Embed AI agents into your GTM motion as active participants, not productivity tools — then redesign influencer and content systems around what agents can sustain.

By Plot Grizzly →
An editorial illustration of a chess board where one side's pieces are tiny suited humans and the other side's pieces are glowing robot figures, mid-game
Illustrated by Mikael Venne

HubSpot's agent-first GTM model signals a fundamental shift in how growth teams operate. Here's what Southeast Asian marketers need to understand and act on.

Yamini Rangan doesn’t write think pieces for sport. When HubSpot’s CEO publishes a detailed account of how the company rebuilt its go-to-market motion around AI agents, the marketing industry should probably pay attention — even if, especially if, your first instinct is to assume it doesn’t apply to you.

It does. And the implications run deeper than most growth teams are currently treating them.

What Agent-First GTM Actually Means in Practice

The phrase sounds like vendor marketing until you unpack what HubSpot is describing. Writing on the HubSpot blog, Rangan outlines a model where AI agents aren’t assistants bolted onto existing workflows — they’re participants in the GTM system itself, handling prospecting sequences, qualifying inbound signals, personalising outreach at scale, and feeding learnings back into the strategy loop.

The critical distinction: agent-first GTM means designing the motion for what agents can do well, rather than asking agents to approximate what humans used to do manually. HubSpot reports that this shift meaningfully changed how their sales and marketing teams allocate time — less execution, more judgment calls on the signals agents surface.

For Southeast Asian growth teams, the practical translation is immediate: if your CRM workflows, lead nurture sequences, and content distribution are still structured around human throughput limits, you’re operating with an architecture mismatch. The constraint has changed. The playbook hasn’t.
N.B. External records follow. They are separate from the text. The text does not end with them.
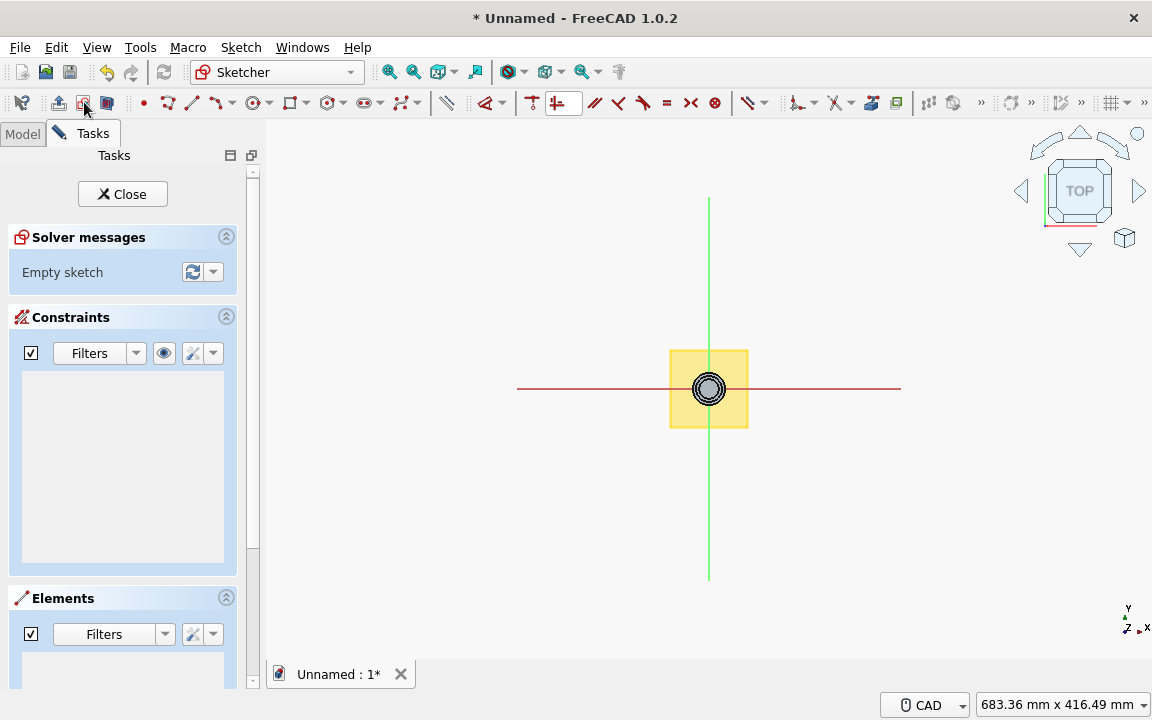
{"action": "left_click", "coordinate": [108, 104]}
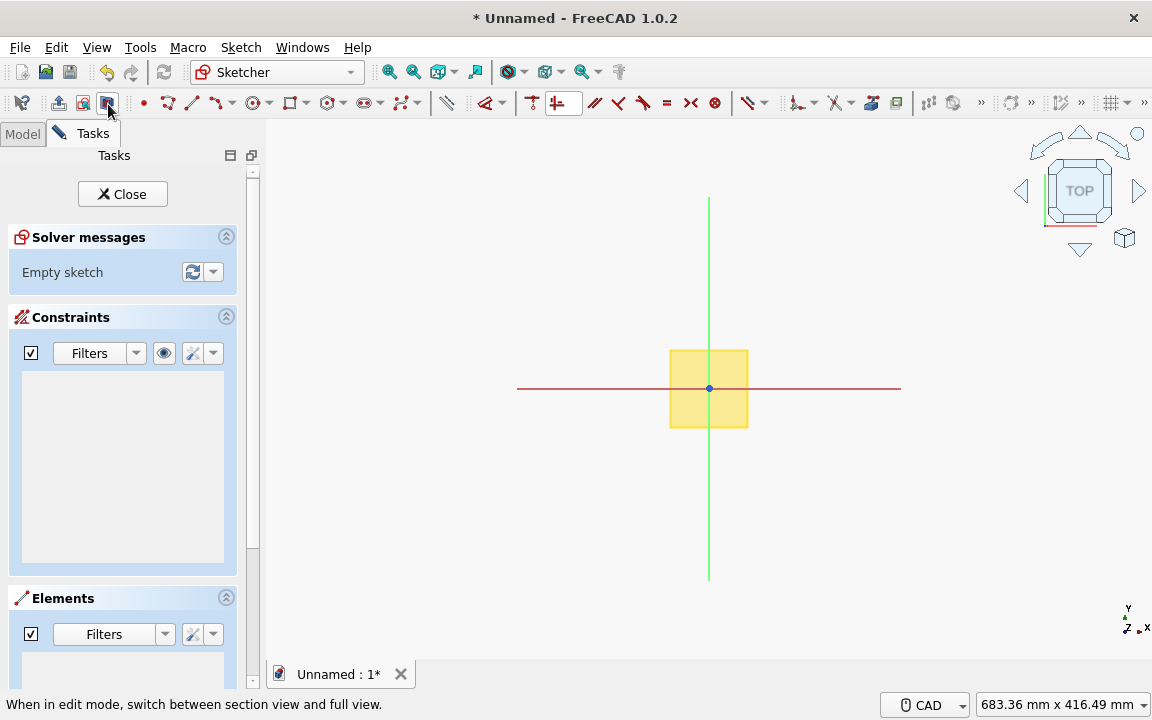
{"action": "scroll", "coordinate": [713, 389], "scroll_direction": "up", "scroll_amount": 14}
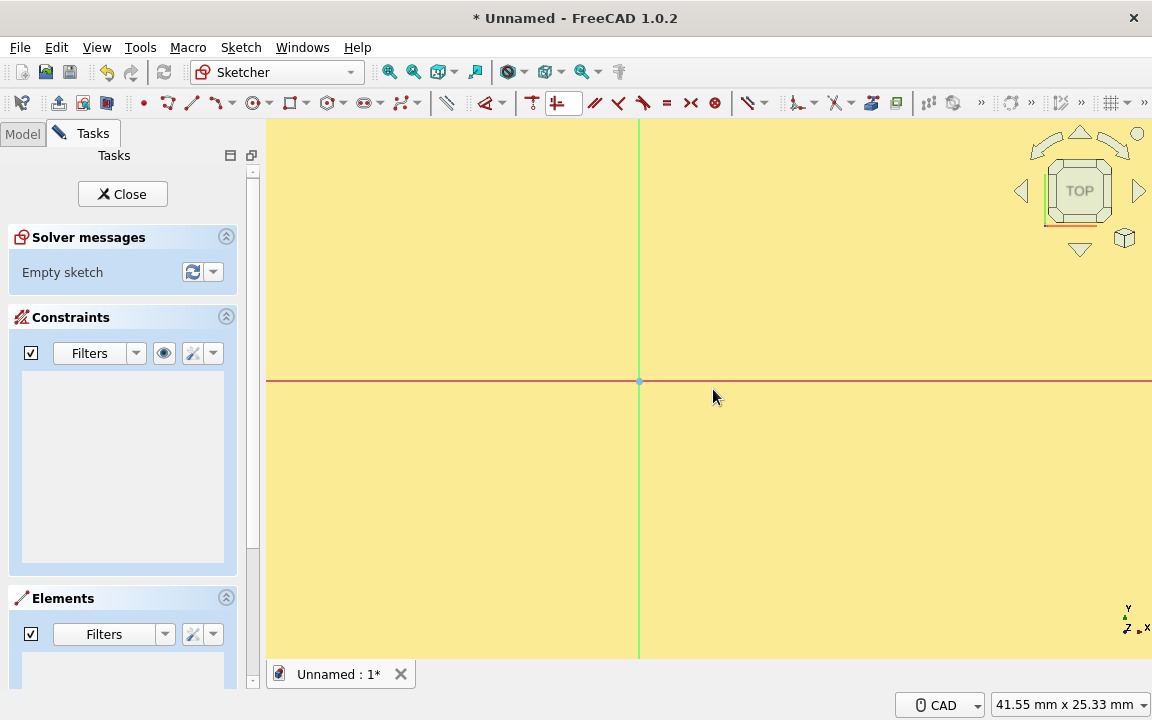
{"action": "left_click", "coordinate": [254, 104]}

The Long Influencer Game — and Why Agents Can Support It

Sprout Social’s Jasmine Williams makes a case that’s quietly subversive: the highest-ROI influencer relationships aren’t campaigns, they’re ongoing commercial partnerships built over years. The beauty YouTuber who reaches for the same foundation in every video isn’t doing a sponsored post — she’s a brand signal that compounds across thousands of pieces of organic content.

This isn’t a new observation, but the strategic implication is underused. Most Southeast Asian brands — particularly in beauty, F&B, and lifestyle — still structure influencer spend as campaign bursts around product launches or 11.11. The result is high cost-per-collaboration with limited brand residue once the content cycle ends.

The connection to agent-first thinking: sustaining genuine long-term creator relationships requires consistent communication, content briefing, performance monitoring, and relationship management at a cadence most brand teams can’t maintain manually across 15–20 active partnerships. AI agents — particularly those with memory and task-management capabilities — are well-suited to handling the operational layer, freeing human relationship managers to focus on the creative and strategic dimensions that actually differentiate a partnership.


The Operational Infrastructure Nobody Talks About

Social Media Examiner’s Michael Stelzner profiled Claude Cowork this week — Anthropic’s environment for connecting AI to files, tools, and real workflows rather than just conversation. The framing matters: the gap between AI as chat interface and AI as operational infrastructure is where most marketing teams are still stuck.

The practical implication for digital strategy teams isn’t about any specific tool. It’s about recognising that the value of AI in GTM isn’t in generating copy faster — it’s in closing the loop between data, decision, and execution in near-real time. An agent that monitors influencer content performance, flags anomalies, and drafts a briefing update for the partnership manager before Monday’s standup is categorically different from a chatbot that helps write captions.

Building toward that infrastructure requires three things most teams haven’t yet committed to: clean data inputs, documented decision criteria (so agents know what a good signal looks like), and organisational willingness to let automated judgment stand without human review on every step.

The Creative Case That Keeps Getting Ignored by Strategy Teams

Vue Entertainment and agency Hijinks released a cinema brand film shot by Taika Waititi this week — described to Campaign as a “love letter to cinema.” The strategic context is more interesting than the creative: a cinema chain investing in premium, emotionally ambitious brand work at a moment when the category is under structural pressure from streaming.

The decision to commission Waititi isn’t just a creative flex. It’s a deliberate signal about what kind of brand Vue intends to be — one whose positioning isn’t on price or convenience, but on the irreplaceable quality of the theatrical experience. For growth leads, this is a useful counter-case to the AI-efficiency narrative dominating the week’s headlines.

Agent-first GTM and influencer infrastructure optimisation are real and important. But they operate in service of a brand positioning that still requires distinctly human creative ambition to establish. The brands that will benefit most from AI-augmented growth systems are the ones that have already done the harder work of knowing exactly what they stand for.

Key Takeaways

  • Redesign your GTM architecture around what AI agents can sustain at scale, not around your current human throughput — the constraint has shifted.
  • Treat influencer relationships as long-term brand infrastructure, and use AI to handle the operational layer so human relationship managers can focus on creative direction.
  • Brand positioning still requires human creative ambition as its foundation — efficiency gains from AI compound on clarity of purpose, they don’t replace it.

The question worth sitting with: if your growth team became genuinely agent-first tomorrow — agents handling qualification, nurture, influencer ops, and performance monitoring — what would your strategists and creatives actually spend their time on? Most teams haven’t answered that yet. The ones who do will have a structural advantage that’s harder to replicate than any single tool adoption.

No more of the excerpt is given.